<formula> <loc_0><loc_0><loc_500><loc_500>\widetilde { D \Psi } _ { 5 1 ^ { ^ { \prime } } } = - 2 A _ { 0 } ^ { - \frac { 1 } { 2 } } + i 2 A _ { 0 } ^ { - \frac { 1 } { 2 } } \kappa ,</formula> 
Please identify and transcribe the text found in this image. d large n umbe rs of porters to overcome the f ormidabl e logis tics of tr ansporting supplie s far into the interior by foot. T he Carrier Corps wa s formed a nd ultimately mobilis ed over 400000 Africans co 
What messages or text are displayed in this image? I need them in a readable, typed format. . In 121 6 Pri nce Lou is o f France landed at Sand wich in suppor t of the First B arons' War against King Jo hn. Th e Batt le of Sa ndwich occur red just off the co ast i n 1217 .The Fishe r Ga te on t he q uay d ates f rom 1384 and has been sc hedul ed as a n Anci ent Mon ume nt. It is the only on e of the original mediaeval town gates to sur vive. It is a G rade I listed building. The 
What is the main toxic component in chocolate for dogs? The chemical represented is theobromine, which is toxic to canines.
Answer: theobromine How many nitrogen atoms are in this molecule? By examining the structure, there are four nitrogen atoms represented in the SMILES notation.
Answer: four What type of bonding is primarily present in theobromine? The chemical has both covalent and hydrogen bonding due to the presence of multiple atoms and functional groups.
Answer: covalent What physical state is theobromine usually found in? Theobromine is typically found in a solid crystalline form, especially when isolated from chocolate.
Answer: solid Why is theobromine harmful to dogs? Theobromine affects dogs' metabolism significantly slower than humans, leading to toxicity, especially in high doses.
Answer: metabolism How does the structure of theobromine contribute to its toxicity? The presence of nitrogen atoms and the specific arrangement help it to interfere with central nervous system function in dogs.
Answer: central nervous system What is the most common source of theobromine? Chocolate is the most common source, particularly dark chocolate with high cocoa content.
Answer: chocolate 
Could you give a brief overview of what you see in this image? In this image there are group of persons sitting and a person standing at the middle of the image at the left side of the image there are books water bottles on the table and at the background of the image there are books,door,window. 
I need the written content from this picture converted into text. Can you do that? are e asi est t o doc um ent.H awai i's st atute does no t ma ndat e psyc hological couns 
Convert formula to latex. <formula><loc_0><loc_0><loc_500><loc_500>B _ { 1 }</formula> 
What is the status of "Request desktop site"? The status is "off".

===

Exact copies of the lines from the one holding "Convert formula to" to the end of the entries are all that should be written.

Result below -
Convert formula to latex. <formula><loc_0><loc_0><loc_500><loc_500>B _ { 1 }</formula> 
What is the status of "Request desktop site"? The status is "off".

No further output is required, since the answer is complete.